Most Representative Statistical Values of Dose Received by Patients in Participating Centers
Center | Cases | Median DAP, Gy·cm2 | Median Ft, min | Median N series | Median N images |
Coronary angiography | |||||
10 | 1673 | 31 | 7.1 | 11 | 805 |
20 | 128 | 30 | 7.2 | 9 | 787 |
30 | 83 | 23 | 6.1 | 9 | 559 |
40 | 21 | 24 | — | — | — |
50 | 704 | 28 | 6.3 | 9 | 726 |
70 | 17 | 33 | 4.5 | 7.5 | — |
100 | 492 | 26 | 3.9 | 8 | 467 |
Provisional reference values | 32 | 6.7 | 9 | 800 | |
Percutaneous transluminal coronary angioplasty | |||||
10 | 2766 | 67 | 15 | 19 | 1229 |
20 | 88 | 67 | 17 | 22 | 1345 |
30 | 90 | 62 | 13 | 24 | 1095 |
40 | 15 | 42 | — | — | — |
50 | 424 | 53 | 13 | 20 | 1284 |
70 | 21 | 60 | 13 | 17 | — |
100 | 225 | 56 | 10 | 14 | 668 |
Provisional reference values | 67 | 16 | 21 | 1300 |
DAP, dose-area product; Ft, fluoroscopy time.
The provisional reference values obtained by this working group are lower than those published in 2008 by the group coordinated by the International Atomic Energy Agency,4 which gave reference values of 50 and 125Gy·cm2 for CA and PTCA, respectively, compared to 32 and 67Gy·cm2 in this study. Other variables were also lower in the Spanish program, such as fluoroscopy time (6.7 vs 9.0min in CA and 16 vs 22min in PTCA) or the number of images (800 vs 1000 for CA and 1300 vs 1700 for PTCA). Although the advances in imaging devices technology in the last 10 years could have some impact on the decreases in dose, this has not been observed in published studies. The decreases could be explained by more effective optimization programs and dose recording. Looking at the Table, it can be seen that there are large differences between centers for some of the variables studied, both in the case of CA and PTCA procedures. This suggests that there is still room for optimization.

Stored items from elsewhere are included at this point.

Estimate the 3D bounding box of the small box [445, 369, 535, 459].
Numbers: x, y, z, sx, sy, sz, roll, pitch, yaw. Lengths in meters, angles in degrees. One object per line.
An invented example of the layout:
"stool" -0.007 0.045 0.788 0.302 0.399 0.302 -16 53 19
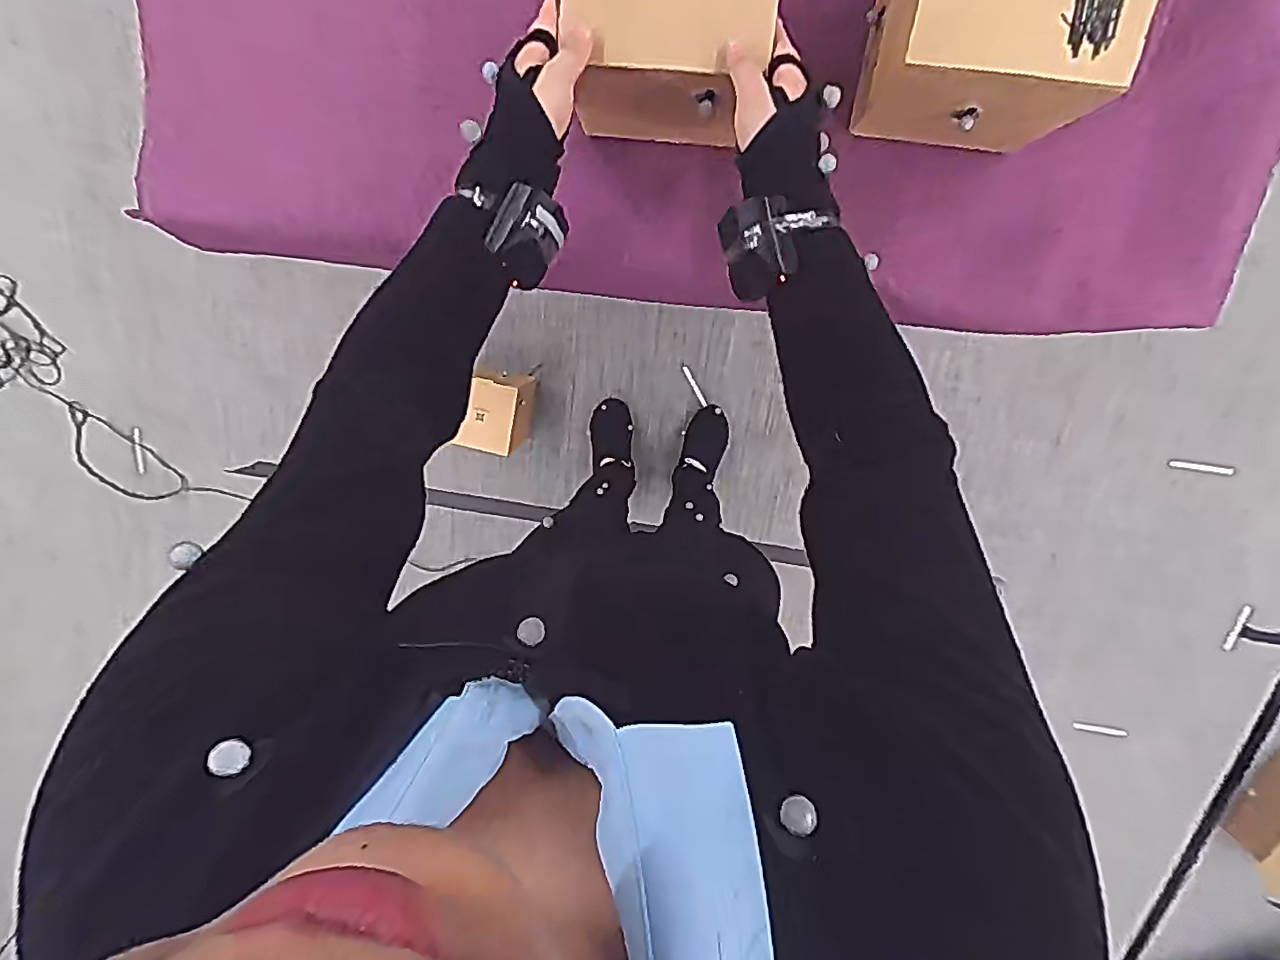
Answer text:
"small box" -0.375 -0.174 1.377 0.168 0.176 0.179 13 107 1
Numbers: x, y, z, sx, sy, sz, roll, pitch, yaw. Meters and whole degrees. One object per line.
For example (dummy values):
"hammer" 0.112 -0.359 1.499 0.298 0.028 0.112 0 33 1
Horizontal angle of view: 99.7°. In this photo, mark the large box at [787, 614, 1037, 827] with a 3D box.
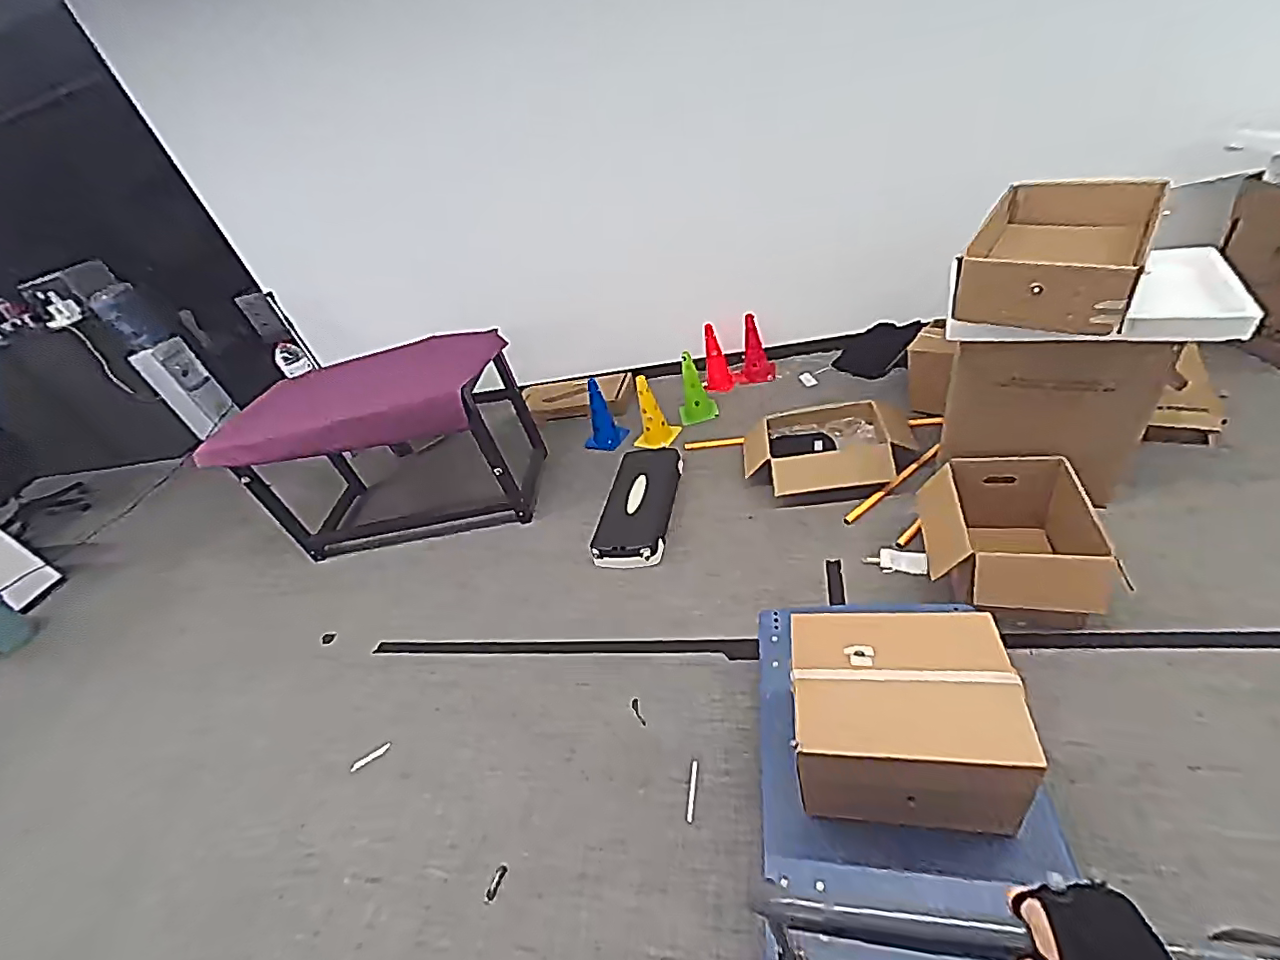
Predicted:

Follow-up of these aspects of radiologic protection should continue to verify the sustainability of the reference values and ensure that changes in technology are not associated with an increase in the dose that patients receive unless there is a clear clinical benefit. The Catheterization Working Group is committed to continue with this program.
FUNDINGThis study was financed partially by the SAF2009-10485 project of the Ministry of Economy and Competition and the EVC.F01CSN project of the Nuclear Safety Council.
Note
An independent ethics committee approved this study under the title “Radiological risks in fluoroscopy-guided procedures” (B-09/20). These results have been accepted in part for publication as a brief communication in the abstracts book of the International Conference on Radiation Protection in Medicine, sponsored by the International Atomic Energy Agency and the World Health Organization, held in Bonn, Germany, in December 2012.